Long-arm statutes can be used to reach accounts in a jurisdiction other than where the judgment originated. A debtor can object to the attempt and courts typically impose a test of whether the debtor or third party (like the bank or brokerage holding the assets) has connections with the court or creditor, which, at a minimum, can delay the process and make it more expensive.

For assets like stocks, bonds, and commodities, creditors can again obtain a court order that can liquidate the account into cash to be turned over to the creditor. It should be noted that certain types of accounts (notably retirement accounts) cannot be reached, even in cases of fraud. To preserve an account balance, a creditor can serve a levy on a brokerage in order to put a hold on the account while waiting for a court order.

Public records – ranging from property records to litigation – can also help locate or confirm a debtor’s assets. One important consideration: it is essential to vet any company that purports to be able to obtain financial account information.
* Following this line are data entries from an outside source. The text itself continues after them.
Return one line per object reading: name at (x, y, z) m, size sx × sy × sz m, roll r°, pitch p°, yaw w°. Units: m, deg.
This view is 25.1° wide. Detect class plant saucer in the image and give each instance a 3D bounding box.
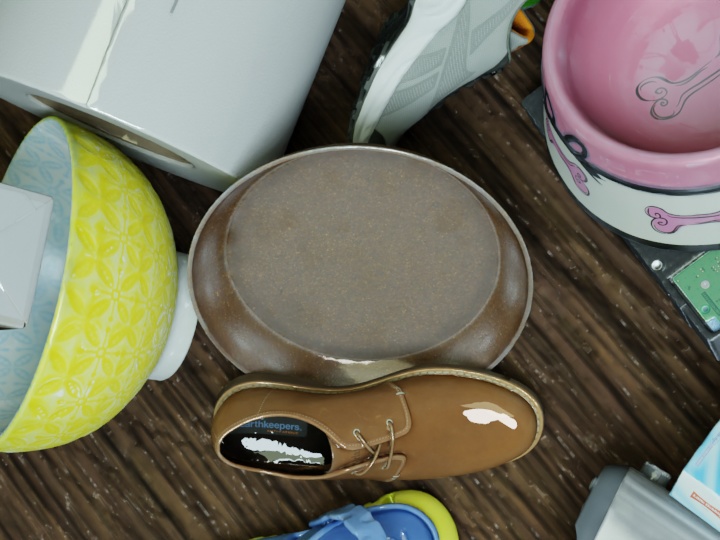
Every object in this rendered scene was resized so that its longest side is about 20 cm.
plant saucer at (0.000, 0.000, 0.933) m, size 0.198 × 0.201 × 0.035 m, roll -10°, pitch 40°, yaw 11°

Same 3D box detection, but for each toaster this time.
toaster at (0.152, 0.213, 0.881) m, size 0.128 × 0.114 × 0.201 m, roll 26°, pitch 86°, yaw 13°

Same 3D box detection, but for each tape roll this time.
tape roll at (-0.122, -0.144, 0.956) m, size 0.201 × 0.203 × 0.140 m, roll 21°, pitch 85°, yaw 15°

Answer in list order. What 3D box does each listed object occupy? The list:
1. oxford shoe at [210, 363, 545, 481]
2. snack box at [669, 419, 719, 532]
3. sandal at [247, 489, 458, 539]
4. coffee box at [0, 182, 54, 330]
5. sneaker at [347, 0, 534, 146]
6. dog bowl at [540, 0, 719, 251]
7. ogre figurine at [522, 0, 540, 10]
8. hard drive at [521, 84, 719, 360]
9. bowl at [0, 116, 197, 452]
oxford shoe at (0.010, 0.099, 0.941) m, size 0.198 × 0.071 × 0.072 m, roll -3°, pitch 106°, yaw 3°
snack box at (0.269, 0.078, 0.871) m, size 0.116 × 0.037 × 0.200 m, roll 35°, pitch 63°, yaw 15°
sandal at (-0.042, 0.185, 0.945) m, size 0.199 × 0.087 × 0.080 m, roll -29°, pitch 78°, yaw 9°
coffee box at (-0.270, -0.012, 0.959) m, size 0.112 × 0.200 × 0.081 m, roll 15°, pitch 81°, yaw -26°
sneaker at (0.049, -0.127, 0.940) m, size 0.079 × 0.201 × 0.074 m, roll 25°, pitch 45°, yaw -10°
dog bowl at (0.188, -0.116, 0.889) m, size 0.198 × 0.074 × 0.202 m, roll -9°, pitch 64°, yaw 19°
ogre figurine at (0.087, -0.234, 0.966) m, size 0.120 × 0.199 × 0.098 m, roll -43°, pitch 38°, yaw 18°
hard drive at (0.201, -0.065, 0.924) m, size 0.139 × 0.038 × 0.201 m, roll -37°, pitch 57°, yaw 4°
bowl at (-0.160, 0.017, 0.975) m, size 0.107 × 0.200 × 0.202 m, roll 13°, pitch 83°, yaw -27°
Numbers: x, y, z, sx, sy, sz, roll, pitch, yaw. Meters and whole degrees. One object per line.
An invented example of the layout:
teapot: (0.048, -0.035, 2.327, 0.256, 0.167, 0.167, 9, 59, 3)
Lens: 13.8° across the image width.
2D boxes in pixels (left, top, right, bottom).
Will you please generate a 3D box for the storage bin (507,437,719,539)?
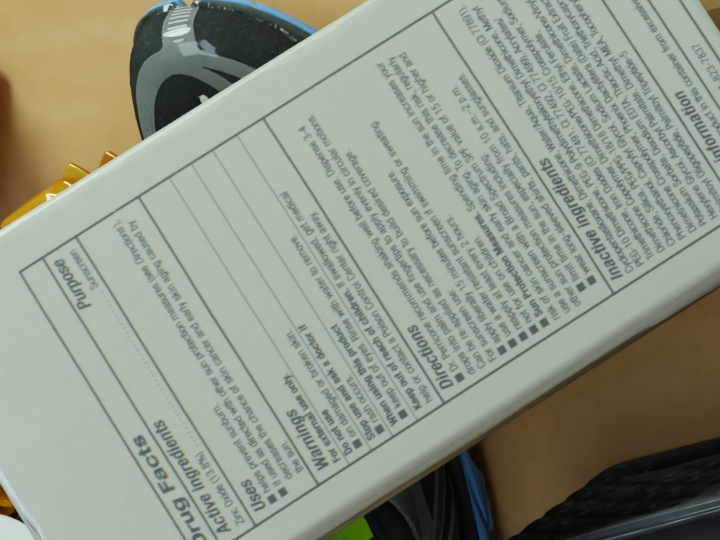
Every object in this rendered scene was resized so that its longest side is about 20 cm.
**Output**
storage bin: (0.118, 0.143, 0.736, 0.135, 0.094, 0.201, -18, 93, 29)

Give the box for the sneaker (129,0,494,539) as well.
sneaker: (-0.016, 0.024, 0.781, 0.070, 0.083, 0.201, -12, 96, 28)

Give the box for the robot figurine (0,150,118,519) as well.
robot figurine: (-0.126, 0.043, 0.857, 0.145, 0.058, 0.201, 31, 114, 18)

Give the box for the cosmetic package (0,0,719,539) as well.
cosmetic package: (0.000, 0.000, 0.718, 0.199, 0.071, 0.106, -31, 84, -5)

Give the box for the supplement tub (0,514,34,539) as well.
supplement tub: (-0.088, 0.177, 0.785, 0.144, 0.145, 0.201, -12, 122, 29)
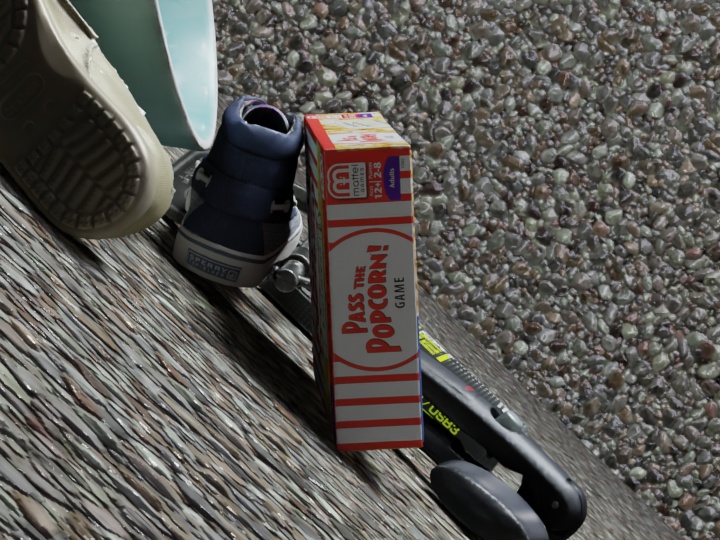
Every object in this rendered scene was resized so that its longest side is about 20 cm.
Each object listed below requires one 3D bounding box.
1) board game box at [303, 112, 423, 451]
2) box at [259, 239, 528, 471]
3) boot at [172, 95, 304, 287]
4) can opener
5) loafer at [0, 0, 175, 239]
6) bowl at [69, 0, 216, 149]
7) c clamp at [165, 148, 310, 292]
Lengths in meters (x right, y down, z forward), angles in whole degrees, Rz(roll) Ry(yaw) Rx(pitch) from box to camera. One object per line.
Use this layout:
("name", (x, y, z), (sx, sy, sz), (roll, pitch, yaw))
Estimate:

Many misleading claims and offers about obtaining such information can be found on the Internet and creditors should ensure that any data obtained was in accordance with applicable law and regulations.
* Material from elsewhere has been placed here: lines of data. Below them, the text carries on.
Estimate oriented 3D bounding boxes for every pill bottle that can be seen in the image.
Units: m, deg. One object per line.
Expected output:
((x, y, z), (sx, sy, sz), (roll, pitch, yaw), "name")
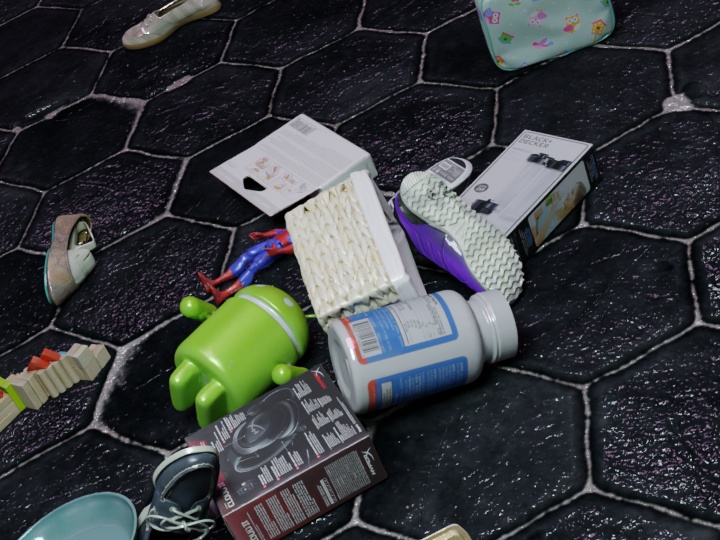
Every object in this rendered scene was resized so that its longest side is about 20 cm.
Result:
((0.072, 0.086, 1.543), (0.200, 0.112, 0.112), (-14, 35, -13), "pill bottle")

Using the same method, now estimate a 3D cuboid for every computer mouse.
((0.074, -0.078, 1.822), (0.200, 0.044, 0.110), (-36, 33, -8), "computer mouse")

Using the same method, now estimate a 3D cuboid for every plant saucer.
((-0.319, 0.328, 1.474), (0.200, 0.036, 0.200), (-24, 29, 14), "plant saucer")

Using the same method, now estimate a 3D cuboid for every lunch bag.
((0.274, -0.398, 2.016), (0.200, 0.160, 0.077), (-18, 37, 7), "lunch bag")

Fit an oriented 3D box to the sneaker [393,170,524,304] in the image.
((0.115, -0.029, 1.675), (0.070, 0.100, 0.200), (-39, 84, -29), "sneaker")

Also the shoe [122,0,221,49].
((-0.360, -0.476, 2.537), (0.200, 0.053, 0.070), (-27, 36, -6), "shoe")

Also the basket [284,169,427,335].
((0.000, 0.000, 1.663), (0.123, 0.136, 0.200), (-25, 48, 7), "basket")

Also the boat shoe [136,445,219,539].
((-0.194, 0.256, 1.435), (0.075, 0.200, 0.062), (8, 47, -28), "boat shoe")

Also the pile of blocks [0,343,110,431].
((-0.436, 0.137, 1.802), (0.200, 0.062, 0.082), (-30, 37, -10), "pile of blocks")

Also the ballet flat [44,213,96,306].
((-0.424, -0.025, 1.998), (0.067, 0.068, 0.200), (-13, 39, 2), "ballet flat")

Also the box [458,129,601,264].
((0.206, -0.093, 1.753), (0.117, 0.060, 0.200), (20, 53, 42), "box")

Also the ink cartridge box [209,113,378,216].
((-0.100, -0.143, 1.989), (0.176, 0.045, 0.200), (-34, 37, -16), "ink cartridge box")

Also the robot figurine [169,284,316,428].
((-0.144, 0.098, 1.650), (0.175, 0.116, 0.200), (33, 59, 23), "robot figurine")

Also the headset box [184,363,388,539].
((-0.093, 0.213, 1.513), (0.200, 0.077, 0.149), (-30, 37, -8), "headset box")

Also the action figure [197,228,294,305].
((-0.125, -0.028, 1.860), (0.200, 0.052, 0.065), (-30, 33, -14), "action figure")

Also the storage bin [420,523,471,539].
((0.061, 0.360, 1.233), (0.199, 0.094, 0.200), (-27, 36, -5), "storage bin")
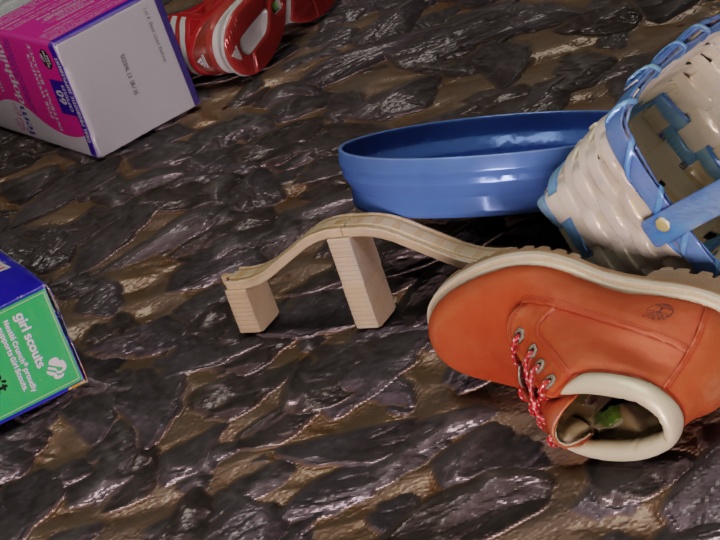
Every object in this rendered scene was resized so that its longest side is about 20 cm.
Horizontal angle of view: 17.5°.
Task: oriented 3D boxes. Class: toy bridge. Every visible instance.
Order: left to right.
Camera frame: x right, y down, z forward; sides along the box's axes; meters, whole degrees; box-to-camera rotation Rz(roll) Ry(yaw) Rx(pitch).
[{"bbox_3d":[0.000,0.000,1.387,0.200,0.067,0.027,-3,28,31],"label":"toy bridge"}]

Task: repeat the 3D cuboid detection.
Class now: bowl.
[{"bbox_3d":[0.087,-0.065,1.429,0.200,0.039,0.201,-5,10,1],"label":"bowl"}]

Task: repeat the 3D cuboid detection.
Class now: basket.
[{"bbox_3d":[0.209,-0.067,1.256,0.176,0.139,0.200,-39,0,-38],"label":"basket"}]

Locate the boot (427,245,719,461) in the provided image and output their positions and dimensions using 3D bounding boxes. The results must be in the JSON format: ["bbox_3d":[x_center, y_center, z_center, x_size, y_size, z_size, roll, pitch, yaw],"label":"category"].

Asset searches: who can get bank account information and why

A quick Internet search for ways to get someone’s bank or investment account information returns at least a dozen private investigation companies that promise to find these records “anywhere in the US and worldwide” for judgment collections, verification of net worth and for “just about any other purpose.” But a closer look at these Web sites reveals a fine-print disclaimer stating that the information is from public records such as divorce cases and probate filings. And there are a few that do not bother with a disclaimer, providing only an 800 number to call.

Asset searches, which may include bank and investment accounts, are not illegal; however, certain actions to obtain this information, such as pre-texting, are illegal. And although there are methods that can be used to obtain financial information covertly, most if not all, are questionable and often futile. There is no clear way for anyone other than the account holder, a designated representative or a party with a valid court order to get account information without violating the law.

There is a general misconception that a judgment, just by virtue of its issuance, can be used to force a bank or financial institution to disclose account information, but the enforcement of judgments is governed by each state’s laws. In California, for example, a writ of execution is necessary. These writs are rendered on a county-by-county basis and direct a levying officer (usually a sheriff) to serve the writ on the named institution. The institution then may be required to freeze the account and in some cases to hand over the account balance. State laws also allow the creditor, after a judgment is obtained, to examine and request asset information from the debtor. This, however, puts the debtor on notice and may result in draining an account before a writ of execution is served.

The privacy protection laws that govern access to financial information under false pretenses depend on whether the affected customer is a consumer or a business entity. The more significant legislation is directed at protecting consumers, defined generally in the laws and in interpretative decisions as ”individuals consuming goods or services for personal or household use.” The Gramm-Leach-Bliley Act (GLBA) prohibits obtaining customer information from a financial institution under false pretenses and imposes an obligation to protect customer information. Under the GLBA, a customer means “an individual consumer,” which is essentially the same as the definition of a consumer under the Fair Credit Reporting Act (FCRA). In addition to the GLBA and FCRA, there are other potentially applicable federal privacy laws, as well as a long list of state laws. But even if a specific law may cover only consumers, the financial institution’s contract with the business customer would certainly be construed as preventing third-party access.